The U.S. Supreme Court has reversed a Sixth Circuit Court of Appeals decision by finding that severance payments unrelated to state unemployment insurance that are made to terminated employees are subject to tax under the Federal Insurance Contributions Act (FICA).
The underlying case involved an employer, Quality Stores, Inc., that entered bankruptcy proceedings in 2001. Prior to and following the bankruptcy petition being filed, the employer made payments to terminated employees pursuant to two employee severance plans. When payments were made, the employer withheld federal income tax and the employee portion of the FICA tax and also paid the employer portion of the FICA tax on the payments. In 2002, the employer filed a claim for refund for the employer and employee FICA taxes paid on the severance payments. The IRS failed to either approve or deny the refund request, so the employer filed an adversary action in the bankruptcy proceeding. The bankruptcy court, district court and Sixth Circuit Court of Appeals all found that the severance payments were not subject to FICA.

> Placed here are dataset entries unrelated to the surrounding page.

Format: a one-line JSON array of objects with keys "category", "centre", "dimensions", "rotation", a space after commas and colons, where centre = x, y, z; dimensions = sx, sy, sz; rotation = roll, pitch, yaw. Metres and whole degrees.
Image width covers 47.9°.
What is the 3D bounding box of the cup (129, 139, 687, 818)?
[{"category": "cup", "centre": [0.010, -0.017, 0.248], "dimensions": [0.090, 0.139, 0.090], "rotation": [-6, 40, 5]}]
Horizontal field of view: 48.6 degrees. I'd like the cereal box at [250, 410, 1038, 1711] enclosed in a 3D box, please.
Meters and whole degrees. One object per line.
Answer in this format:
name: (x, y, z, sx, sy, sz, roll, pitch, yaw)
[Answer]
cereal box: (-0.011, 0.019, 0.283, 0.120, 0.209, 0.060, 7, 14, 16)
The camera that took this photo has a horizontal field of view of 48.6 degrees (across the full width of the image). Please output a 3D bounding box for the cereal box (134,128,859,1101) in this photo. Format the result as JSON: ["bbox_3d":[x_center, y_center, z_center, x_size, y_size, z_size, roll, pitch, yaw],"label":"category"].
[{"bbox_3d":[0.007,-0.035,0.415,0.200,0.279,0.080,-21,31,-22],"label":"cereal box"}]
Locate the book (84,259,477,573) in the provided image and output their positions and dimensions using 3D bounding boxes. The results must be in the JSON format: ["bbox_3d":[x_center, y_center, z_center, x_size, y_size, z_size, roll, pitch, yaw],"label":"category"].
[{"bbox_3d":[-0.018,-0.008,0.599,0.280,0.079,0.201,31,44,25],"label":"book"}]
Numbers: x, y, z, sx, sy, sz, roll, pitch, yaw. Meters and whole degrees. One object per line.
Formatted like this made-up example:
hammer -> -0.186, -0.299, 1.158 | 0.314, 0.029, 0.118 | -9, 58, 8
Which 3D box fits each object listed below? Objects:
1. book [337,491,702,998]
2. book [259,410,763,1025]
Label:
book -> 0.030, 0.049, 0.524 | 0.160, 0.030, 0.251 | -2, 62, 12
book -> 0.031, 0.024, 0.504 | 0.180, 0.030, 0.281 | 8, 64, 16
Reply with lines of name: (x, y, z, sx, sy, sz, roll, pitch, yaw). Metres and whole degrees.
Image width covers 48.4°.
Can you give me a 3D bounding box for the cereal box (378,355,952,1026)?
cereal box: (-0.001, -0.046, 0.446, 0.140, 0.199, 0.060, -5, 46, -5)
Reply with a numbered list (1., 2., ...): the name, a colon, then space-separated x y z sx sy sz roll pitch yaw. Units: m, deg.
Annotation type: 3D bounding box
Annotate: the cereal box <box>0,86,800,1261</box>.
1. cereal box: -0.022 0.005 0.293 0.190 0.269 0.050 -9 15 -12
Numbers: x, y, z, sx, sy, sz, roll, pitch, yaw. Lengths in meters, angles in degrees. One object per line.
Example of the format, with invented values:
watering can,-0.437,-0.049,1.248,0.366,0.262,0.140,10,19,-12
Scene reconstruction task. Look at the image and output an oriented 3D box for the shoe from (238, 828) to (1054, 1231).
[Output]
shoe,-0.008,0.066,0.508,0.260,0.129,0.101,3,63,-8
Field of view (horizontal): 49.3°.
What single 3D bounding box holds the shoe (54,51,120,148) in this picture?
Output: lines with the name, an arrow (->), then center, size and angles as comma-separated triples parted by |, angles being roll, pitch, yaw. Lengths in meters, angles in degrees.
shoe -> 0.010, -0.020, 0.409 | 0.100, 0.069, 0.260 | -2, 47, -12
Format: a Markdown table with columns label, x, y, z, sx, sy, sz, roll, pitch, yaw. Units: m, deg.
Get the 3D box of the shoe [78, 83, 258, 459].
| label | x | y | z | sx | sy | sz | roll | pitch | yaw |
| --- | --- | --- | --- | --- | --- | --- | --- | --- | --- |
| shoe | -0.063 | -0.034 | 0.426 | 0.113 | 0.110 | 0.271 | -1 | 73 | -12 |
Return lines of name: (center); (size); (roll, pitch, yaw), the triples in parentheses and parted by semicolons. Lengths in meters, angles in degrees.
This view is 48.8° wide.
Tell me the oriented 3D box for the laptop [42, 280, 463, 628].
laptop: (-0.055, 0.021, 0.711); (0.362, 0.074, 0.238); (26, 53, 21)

The Supreme Court reversed the rulings of the lower courts based on FICA’s broad definition of “wages” which was found to include the severance payments. Following the Supreme Court decision, unemployment benefits other than those provided through state unemployment insurance are now “wages” subject to FICA tax. The Court noted that the IRS has taken the position that state unemployment benefits are not subject to FICA, but the Court reserved its opinion on whether that position is supported by FICA’s broad definition of “wages”.
One of the best benefits for business owners to consider is to adopt a retirement plan. There is a whole array of different retirement planning options that can be considered. The one that’s best for your particular business is going to depend on the demographics of your business: the compensation of the different employees, the number of employees and how much everybody makes. Other things that should be considered include a variety of other benefits plans. There’s a whole broad area called section 125 that allows you to set up plans that allow for deduction of various types of medical expenses or premiums. There are also flex-spending accounts and health savings accounts to consider. Other areas to look at are different types of executive compensation plans.